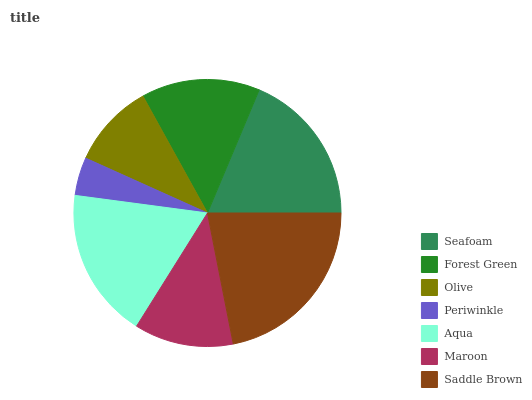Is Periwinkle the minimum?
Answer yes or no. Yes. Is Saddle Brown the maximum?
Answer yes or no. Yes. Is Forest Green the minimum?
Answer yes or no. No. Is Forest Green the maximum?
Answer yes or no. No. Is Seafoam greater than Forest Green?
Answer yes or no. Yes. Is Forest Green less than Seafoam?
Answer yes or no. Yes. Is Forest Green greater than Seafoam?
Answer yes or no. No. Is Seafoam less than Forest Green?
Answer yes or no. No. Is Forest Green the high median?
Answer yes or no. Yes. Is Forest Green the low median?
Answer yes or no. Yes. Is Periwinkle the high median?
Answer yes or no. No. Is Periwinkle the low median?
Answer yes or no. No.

________________

• **What needs to be done**:
Return every entry unchanged and skip the pictures.

• **Your solution**:
Is Periwinkle the minimum?
Answer yes or no. Yes. Is Saddle Brown the maximum?
Answer yes or no. Yes. Is Forest Green the minimum?
Answer yes or no. No. Is Forest Green the maximum?
Answer yes or no. No. Is Seafoam greater than Forest Green?
Answer yes or no. Yes. Is Forest Green less than Seafoam?
Answer yes or no. Yes. Is Forest Green greater than Seafoam?
Answer yes or no. No. Is Seafoam less than Forest Green?
Answer yes or no. No. Is Forest Green the high median?
Answer yes or no. Yes. Is Forest Green the low median?
Answer yes or no. Yes. Is Periwinkle the high median?
Answer yes or no. No. Is Periwinkle the low median?
Answer yes or no. No.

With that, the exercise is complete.